如何在 python 中抓取完整的 Instagram 页面？

Question

长话短说，我正在尝试创建一个 Instagram python 抓取工具，它会加载整个页面并抓取所有图像链接。我让它工作，唯一的问题是，它只加载 Instagram 显示的原始 12 张照片。无论如何我可以告诉请求加载整个页面吗？

工作代码；

import json
import requests
from bs4 import BeautifulSoup
import sys

r = requests.get('https://www.instagram.com/accountName/')
soup = BeautifulSoup(r.text, 'lxml')

script = soup.find('script', text=lambda t: t.startswith('window._sharedData'))
page_json = script.text.split(' = ', 1)[1].rstrip(';')
data = json.loads(page_json)
non_bmp_map = dict.fromkeys(range(0x10000, sys.maxunicode + 1), 0xfffd)

for post in data['entry_data']['ProfilePage'][0]['graphql']['user']['edge_owner_to_timeline_media']['edges']:
    image_src = post['node']['display_url']
    print(image_src)

Answer 1

正如 Scratch 已经提到的，Instagram 使用 "infinite scrolling" 不允许您加载整个页面。但是您可以在页面顶部查看消息总数（在 _fd86t class 的第一个范围内）。然后您可以检查该页面是否已包含所有消息。否则，您将不得不使用 GET 请求来获得新的 JSON 响应。这样做的好处是这个请求包含 first 字段，这似乎可以让你修改你得到的消息数。您可以将其从标准 12 修改为获取所有剩余消息（希望如此）。
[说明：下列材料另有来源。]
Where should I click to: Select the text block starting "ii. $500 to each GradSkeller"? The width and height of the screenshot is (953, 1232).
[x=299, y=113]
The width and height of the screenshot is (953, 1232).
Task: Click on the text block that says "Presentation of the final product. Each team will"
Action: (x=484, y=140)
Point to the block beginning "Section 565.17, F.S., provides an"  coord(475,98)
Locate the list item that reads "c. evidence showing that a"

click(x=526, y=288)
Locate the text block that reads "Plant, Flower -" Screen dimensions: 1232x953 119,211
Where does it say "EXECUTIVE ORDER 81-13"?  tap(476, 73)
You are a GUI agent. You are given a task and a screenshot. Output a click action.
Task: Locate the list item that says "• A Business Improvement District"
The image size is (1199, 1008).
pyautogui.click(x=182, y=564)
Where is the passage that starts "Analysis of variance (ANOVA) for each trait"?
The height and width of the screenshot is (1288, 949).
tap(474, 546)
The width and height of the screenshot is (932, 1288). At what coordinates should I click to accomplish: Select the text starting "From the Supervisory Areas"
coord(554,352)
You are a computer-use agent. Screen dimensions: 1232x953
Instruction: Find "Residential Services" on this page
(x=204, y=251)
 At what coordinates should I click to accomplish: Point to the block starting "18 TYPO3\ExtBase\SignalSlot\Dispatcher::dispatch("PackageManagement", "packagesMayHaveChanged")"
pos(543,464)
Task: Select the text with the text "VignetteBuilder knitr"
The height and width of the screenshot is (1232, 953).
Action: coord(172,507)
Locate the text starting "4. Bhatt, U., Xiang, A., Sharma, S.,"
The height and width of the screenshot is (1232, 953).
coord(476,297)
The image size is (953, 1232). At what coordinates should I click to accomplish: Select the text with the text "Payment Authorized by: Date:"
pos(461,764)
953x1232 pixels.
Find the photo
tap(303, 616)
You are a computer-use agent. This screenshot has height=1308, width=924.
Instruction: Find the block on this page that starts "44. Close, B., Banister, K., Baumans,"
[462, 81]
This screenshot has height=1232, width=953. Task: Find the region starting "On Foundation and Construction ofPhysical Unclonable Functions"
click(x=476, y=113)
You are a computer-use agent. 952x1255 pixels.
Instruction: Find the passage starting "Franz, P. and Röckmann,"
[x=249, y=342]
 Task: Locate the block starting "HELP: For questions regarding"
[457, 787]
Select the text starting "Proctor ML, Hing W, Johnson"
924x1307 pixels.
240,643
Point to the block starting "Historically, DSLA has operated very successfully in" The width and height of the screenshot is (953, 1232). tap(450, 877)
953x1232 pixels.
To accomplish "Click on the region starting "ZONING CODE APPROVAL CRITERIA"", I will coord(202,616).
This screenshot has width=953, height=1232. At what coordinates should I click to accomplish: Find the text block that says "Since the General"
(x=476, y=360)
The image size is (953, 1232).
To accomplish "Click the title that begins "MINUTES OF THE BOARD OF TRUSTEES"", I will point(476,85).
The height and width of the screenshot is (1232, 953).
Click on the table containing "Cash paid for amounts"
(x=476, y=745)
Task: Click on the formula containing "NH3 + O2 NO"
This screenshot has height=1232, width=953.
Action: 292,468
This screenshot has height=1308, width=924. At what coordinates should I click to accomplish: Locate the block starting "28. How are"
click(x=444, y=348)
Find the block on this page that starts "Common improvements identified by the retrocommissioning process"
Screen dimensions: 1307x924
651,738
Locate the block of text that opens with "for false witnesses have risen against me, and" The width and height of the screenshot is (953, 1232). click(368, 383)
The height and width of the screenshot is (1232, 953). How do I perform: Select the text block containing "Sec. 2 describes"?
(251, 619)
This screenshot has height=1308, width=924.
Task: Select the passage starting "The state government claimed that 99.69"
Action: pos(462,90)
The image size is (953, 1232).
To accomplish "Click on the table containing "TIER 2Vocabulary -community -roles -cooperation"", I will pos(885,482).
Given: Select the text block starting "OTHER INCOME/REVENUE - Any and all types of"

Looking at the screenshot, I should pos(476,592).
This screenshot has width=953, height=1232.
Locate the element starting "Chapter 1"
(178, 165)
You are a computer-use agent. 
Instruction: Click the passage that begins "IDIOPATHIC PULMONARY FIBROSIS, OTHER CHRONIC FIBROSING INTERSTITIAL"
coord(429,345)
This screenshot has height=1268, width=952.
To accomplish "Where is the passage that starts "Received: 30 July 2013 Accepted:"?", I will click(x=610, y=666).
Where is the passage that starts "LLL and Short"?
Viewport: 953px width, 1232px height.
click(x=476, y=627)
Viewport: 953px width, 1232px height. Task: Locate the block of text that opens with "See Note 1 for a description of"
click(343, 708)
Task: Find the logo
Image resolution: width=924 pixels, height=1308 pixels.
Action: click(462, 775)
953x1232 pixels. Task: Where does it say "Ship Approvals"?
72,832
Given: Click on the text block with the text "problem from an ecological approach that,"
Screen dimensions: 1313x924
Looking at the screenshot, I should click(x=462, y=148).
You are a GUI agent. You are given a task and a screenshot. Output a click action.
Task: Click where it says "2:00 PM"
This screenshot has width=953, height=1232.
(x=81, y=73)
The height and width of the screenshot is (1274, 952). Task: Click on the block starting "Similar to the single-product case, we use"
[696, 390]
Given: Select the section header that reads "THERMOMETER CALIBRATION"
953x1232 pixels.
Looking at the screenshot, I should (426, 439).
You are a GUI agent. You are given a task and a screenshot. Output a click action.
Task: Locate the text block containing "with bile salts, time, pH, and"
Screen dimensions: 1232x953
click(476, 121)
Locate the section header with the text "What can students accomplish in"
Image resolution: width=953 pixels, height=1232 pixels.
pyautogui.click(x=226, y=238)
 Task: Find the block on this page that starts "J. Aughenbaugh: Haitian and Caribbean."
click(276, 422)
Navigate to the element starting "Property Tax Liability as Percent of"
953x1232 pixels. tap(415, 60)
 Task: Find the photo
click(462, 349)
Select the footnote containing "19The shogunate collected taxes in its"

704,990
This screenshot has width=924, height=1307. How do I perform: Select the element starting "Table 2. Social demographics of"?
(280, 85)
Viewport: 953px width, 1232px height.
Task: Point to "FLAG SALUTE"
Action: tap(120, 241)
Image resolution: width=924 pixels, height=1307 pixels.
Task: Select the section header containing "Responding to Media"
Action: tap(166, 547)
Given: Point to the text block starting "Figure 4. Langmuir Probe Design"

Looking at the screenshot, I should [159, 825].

必要的请求类似于以下内容（我已将实际条目匿名化，并在评论中提供了一些帮助）：

https://www.instagram.com/graphql/query/?query_hash=472f257a40c653c64c666ce877d59d2b&variables={"id":"XXX","first":12,"after":"XXX"}

Answer 2

parse_ig.py

from selenium import webdriver
from selenium.webdriver.common.keys import Keys
from bs4 import BeautifulSoup
from InstagramAPI import InstagramAPI
import time

c = webdriver.Chrome()
# load IG page here, whether a hashtag or a public user's page using c.get(url)

for i in range(10):
    c.send_keys(Keys.END)
    time.sleep(1)

soup = BeautifulSoup(c.page_source, 'html.parser')
ids = [a['href'].split('/') for a in soup.find_all('a') if 'tagged' in a['href']]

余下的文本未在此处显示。